In the context of monetary interventions based on the manipulation of interest rates or the redemption of public and private securities, credit and debt have thus been able to swell to exaggerated and unprecedented dimensions, fueling speculative bubbles which in turn fed the production of goods. The American public debt now exceeds 20,000 billion dollars and that of China represents 250% of its GDP! Growth at the beginning of this millennium could be stimulated in a totally artificial way. Therefore, contrary to what the rhetoric of left-wing parties claims, finance has not been the enemy of a fundamentally healthy market system, but has instead revealed itself as a providential crutch, and for this very reason it represents an unequivocal condemnation of capitalism itself.

Regulationist illusions

The Keynesian left deceives itself by imagining that the crisis of investment and economic activity derives from the simple greed of capital holders. It is not enough to move masses of money from tax havens and portfolios of securities to the State and wages to stem this crisis. It is the capitalist system that must be questioned. Indeed, it would be necessary for the expenditure of labor punctually increased due to these movements to increase further, and so on in a constant manner - something that the new technical standards of production no longer allow. So once in power, the left will sooner or later give up on the resounding promises made the day before. It is only in the situation of market collapse that state interventionism and the repatriation of capital will return to the agenda, and this with the consent of the propertied classes. This will put an end to the period of tax relief enjoyed by the large groups involved in the trade war. This reregulation will therefore not constitute a "left" policy, but simple rational measures to save capitalist production relations. They will not lead to general well-being, but only to a temporary lesser evil destined for a certain subsequent degradation. Despite everything, there will always be people who hail this miserable manifestation as the definitive victory of reason. Let us remember that the tutelary figures of the reformist left, Keynes and Roosevelt, are part of the wake of the most unbridled liberalism.

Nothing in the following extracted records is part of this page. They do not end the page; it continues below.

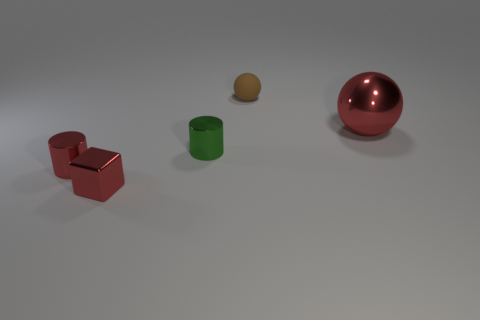How many small shiny cylinders are the same color as the metal sphere?
Your response must be concise. 1. How many cubes are either large yellow metallic things or small red metallic things?
Provide a short and direct response. 1. There is a ball right of the small sphere; what color is it?
Give a very brief answer. Red. There is a brown rubber thing that is the same size as the cube; what is its shape?
Make the answer very short. Sphere. How many green things are behind the small brown sphere?
Give a very brief answer. 0. How many objects are either tiny matte blocks or big red metallic objects?
Provide a succinct answer. 1. There is a thing that is both to the right of the tiny green shiny object and left of the large red metallic sphere; what shape is it?
Give a very brief answer. Sphere. What number of rubber spheres are there?
Offer a very short reply. 1. There is a big object that is the same material as the red block; what color is it?
Provide a succinct answer. Red. Are there more brown matte things than cyan rubber cylinders?
Offer a terse response. Yes. 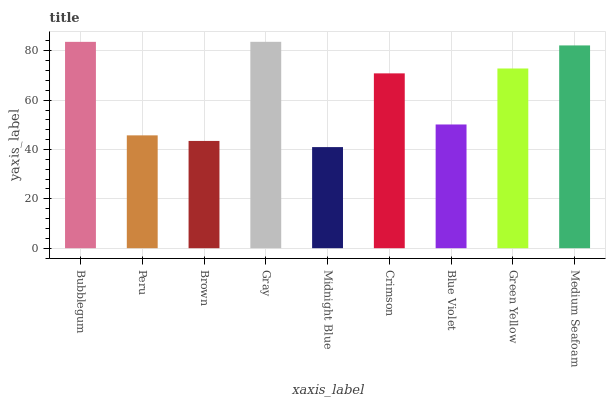Is Midnight Blue the minimum?
Answer yes or no. Yes. Is Gray the maximum?
Answer yes or no. Yes. Is Peru the minimum?
Answer yes or no. No. Is Peru the maximum?
Answer yes or no. No. Is Bubblegum greater than Peru?
Answer yes or no. Yes. Is Peru less than Bubblegum?
Answer yes or no. Yes. Is Peru greater than Bubblegum?
Answer yes or no. No. Is Bubblegum less than Peru?
Answer yes or no. No. Is Crimson the high median?
Answer yes or no. Yes. Is Crimson the low median?
Answer yes or no. Yes. Is Blue Violet the high median?
Answer yes or no. No. Is Bubblegum the low median?
Answer yes or no. No. 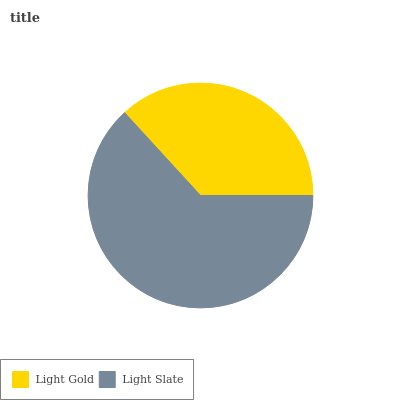Is Light Gold the minimum?
Answer yes or no. Yes. Is Light Slate the maximum?
Answer yes or no. Yes. Is Light Slate the minimum?
Answer yes or no. No. Is Light Slate greater than Light Gold?
Answer yes or no. Yes. Is Light Gold less than Light Slate?
Answer yes or no. Yes. Is Light Gold greater than Light Slate?
Answer yes or no. No. Is Light Slate less than Light Gold?
Answer yes or no. No. Is Light Slate the high median?
Answer yes or no. Yes. Is Light Gold the low median?
Answer yes or no. Yes. Is Light Gold the high median?
Answer yes or no. No. Is Light Slate the low median?
Answer yes or no. No. 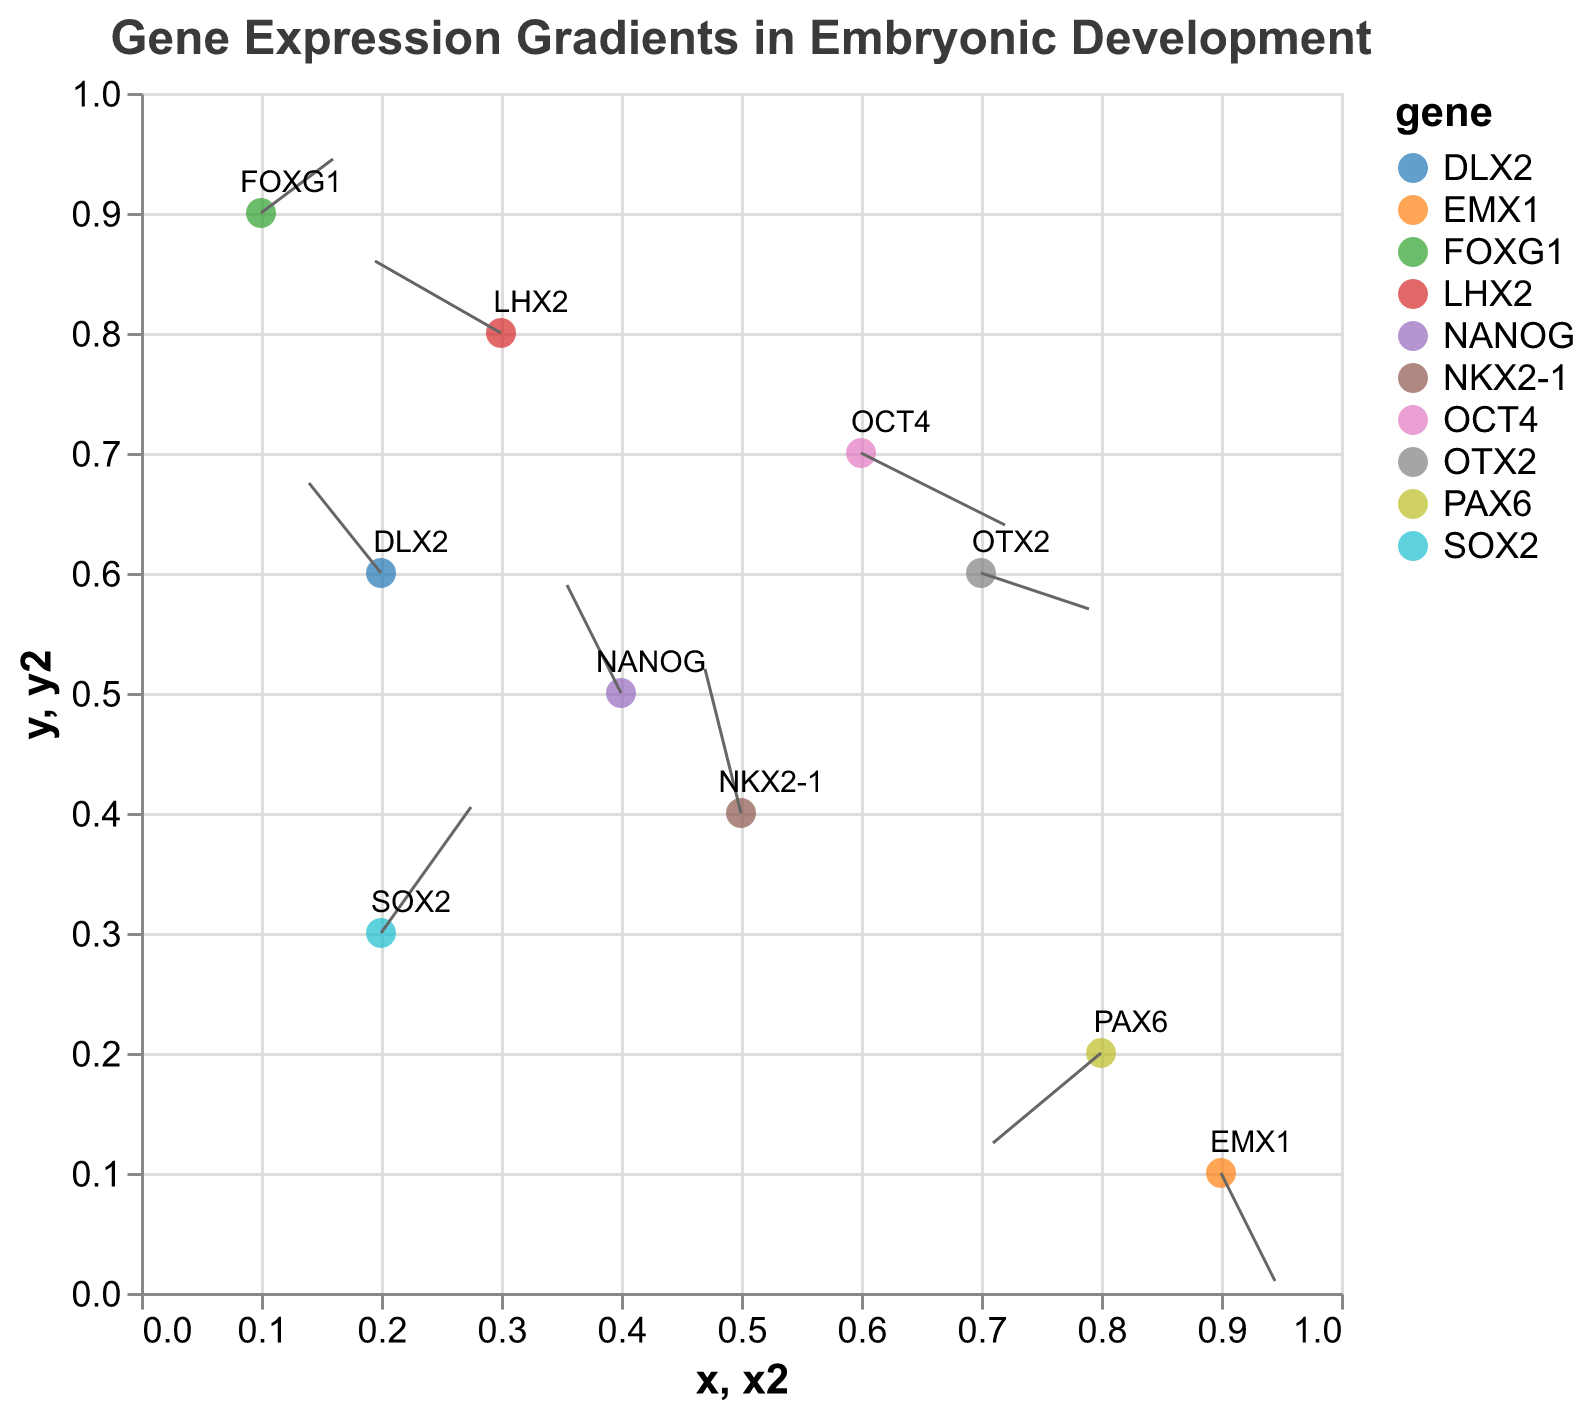What is the title of the plot? The plot's title is prominently displayed at the top of the figure. The text styling including font size, font type, and color enhance its visibility.
Answer: Gene Expression Gradients in Embryonic Development How many data points are represented in the plot? By counting the distinct points in the plot, each representing a gene with specific coordinates and directional vectors.
Answer: 10 Which gene's expression vector points to the lower-left direction? Review the vectors for those pointing towards the lower-left quadrant, specifically where both u (horizontal) and v (vertical) components are negative.
Answer: PAX6 Which gene shows the largest upward expression gradient? Compare the 'v' values across all genes, identifying the maximum positive value for interpretation of steepest upward gradient.
Answer: NKX2-1 What is the color of the data point representing the gene 'NANOG'? Identify the gene 'NANOG' and refer to the color legend to determine its corresponding color.
Answer: A specific nominal color from "category10", e.g., red (check the legend for exact color) What is the horizontal and vertical component of the gene 'OCT4'? Look at the data point labeled 'OCT4' and read its u (horizontal) and v (vertical) values from the tooltip or data labels.
Answer: Horizontal: 0.8, Vertical: -0.4 Which genes have expression vectors ending within the top half of the plot? Examine the endpoint 'y2' for each gene's vector and identify those where 'y2' > 0.5.
Answer: SOX2, NANOG, FOXG1, NKX2-1, DLX2 Which gene's expression gradient starts closest to the bottom-right corner? Review the coordinates (x, y) of each gene and identify the one nearest to (1, 0) based on visual estimate.
Answer: EMX1

Necessity of anti-capitalist rupture

Capitalist wealth does not lend itself to "sharing". Being made up of goods, it proceeds by "exchange" and therefore requires continuous pressure on wages. The class struggle finds its objective foundation here. The watchword of sharing "wealth" reformulated in Keynesian terms as a desire to see capital reinvested in economic activities and employment has become completely obsolete. The concentration of money in the hands of a few large groups, as well as its being inflated by the processes of globalized finance, give the impression that profitable investment would always be possible and capable of triggering self-sustaining growth. But this impression is false and we must go beyond resentment towards the "rich" to instead point the sword of criticism against capitalism and its fundamental structures (commodities, abstract labor, money, State, etc.), that is, against the illusory accommodations of reform policies and against any attitude of trust in a lasting class compromise to which a part of the protest movement thinks it can return.

The crisis of capitalism is not the crisis of the established power, which could also see itself strengthened and find support, if necessary, in its "left" wing.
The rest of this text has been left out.